Abstract
This study investigates the categorical perception (CP) of pitch contours (level and rising) by native listeners of two tone languages, Mandarin and Cantonese, for both speech and nonspeech. Language background was found to modulate participants’ behavioural and electrophysiological responses to stimuli presented in an active oddball paradigm, comprising a standard and two equally spaced deviants (within- and across-category). The stimuli were divided into two sets according to the results of a two-alternative forced-choice identification test: a rising set, using a standard that listeners identified as high rising tone, and a level set, using a standard that listeners identified as high level tone. For the rising set, both groups of listeners exhibited CP in terms of their behavioural response. However, only Cantonese listeners exhibited a significant CP effect in terms of P300 amplitude. For the level set, the behavioural data revealed a shift in category boundary due, in part, to the range–frequency effect. According to the d′ scores, the CP effect elicited from Mandarin listeners was greater for nonspeech stimuli than for speech, suggesting the presence of apsychophysical boundary. There was no such behavioural contrast for Cantonese listeners. However, Cantonese listeners exhibited a significant CP effect in P300 amplitude that was influenced by the range–frequency effect, as well as a possible secondary phonological boundary. P300 amplitude is believed to index the ease of discrimination of speech stimuli by phonological information. We conclude that Cantonese listeners engaged phonological processing in order to discriminate speech stimuli more efficiently than Mandarin listeners. These findings may be due to the different tonal inventories of Mandarin and Cantonese, with Cantonese listeners required to make finer distinctions in perception of pitch height and slope than Mandarin listeners in order to discriminate the denser tone system of Cantonese.
Acknowledgements
The work described in this paper was partially supported by research grants awarded to William S-Y. Wang by the Shun Hing Institute of Advanced Engineering of The Chinese University of Hong Kong (Project No. BME-8115020) and by the Research Grants Council of the Hong Kong Special Administrative Region, China.
Notes
1Mandarin also has a neutral tone, but this tone does not provide lexical contrast.

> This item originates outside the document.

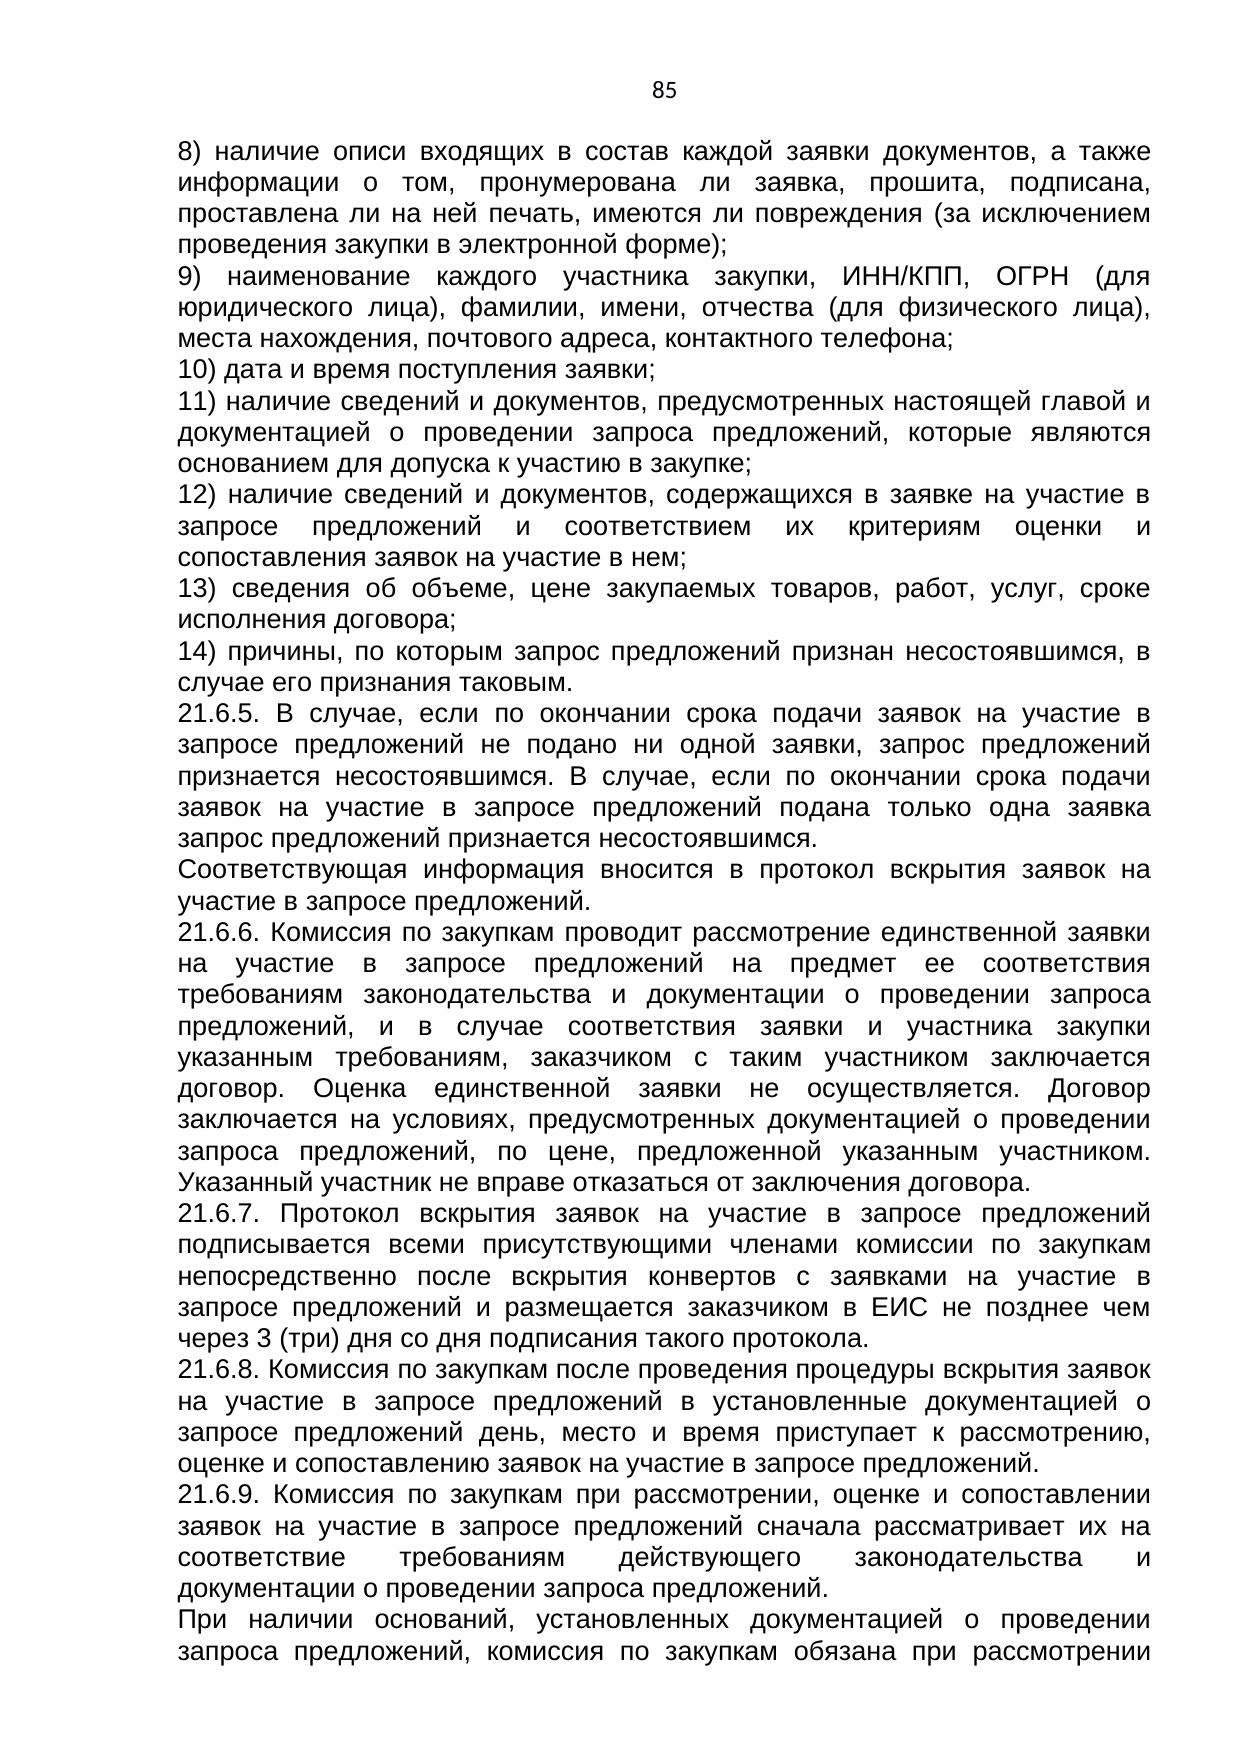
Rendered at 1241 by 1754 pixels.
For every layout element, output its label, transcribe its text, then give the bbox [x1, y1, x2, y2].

2Cantonese also has three entering tones on syllables with stop endings. The entering tones, referred to as Tones 7, 8, and 9, have similar pitch contours to Tones 1, 3, and 6, respectively, but have shorter duration.
3In a follow-up test, five Mandarin listeners and three Cantonese listeners were instructed to rate the naturalness of the speech stimuli on a 5-point scale, ‘1’ indicating least natural, ‘5’ indicating most natural. The Mandarin listeners rated the stimuli to have naturalness 3.89±0.27 (mean±standard error); the Cantonese listeners rated the stimuli to have similar naturalness, 3.90±0.35.
4Two groups (10 subjects per group) of Mandarin speakers participated in a follow-up experiment. One group was instructed to identify stimuli within the rising set (stimuli #1–#7) while the second group was instructed to identify stimuli within the level set (stimuli #4–#10). The categorical boundary for the rising set was observed to lie between #4 and #5 for both speech and nonspeech, while the boundary for the level set lay between #7 and #8 for speech, confirming the presence of a range–frequency effect—for nonspeech, the position of the boundary was slightly higher at stimulus #8.
5We will continue to use the terms across-category and within-category to refer to the category memberships obtained from participants during the forced-choice identification test described in Procedure irrespective of changes in category boundary position due to the range–frequency or other effects.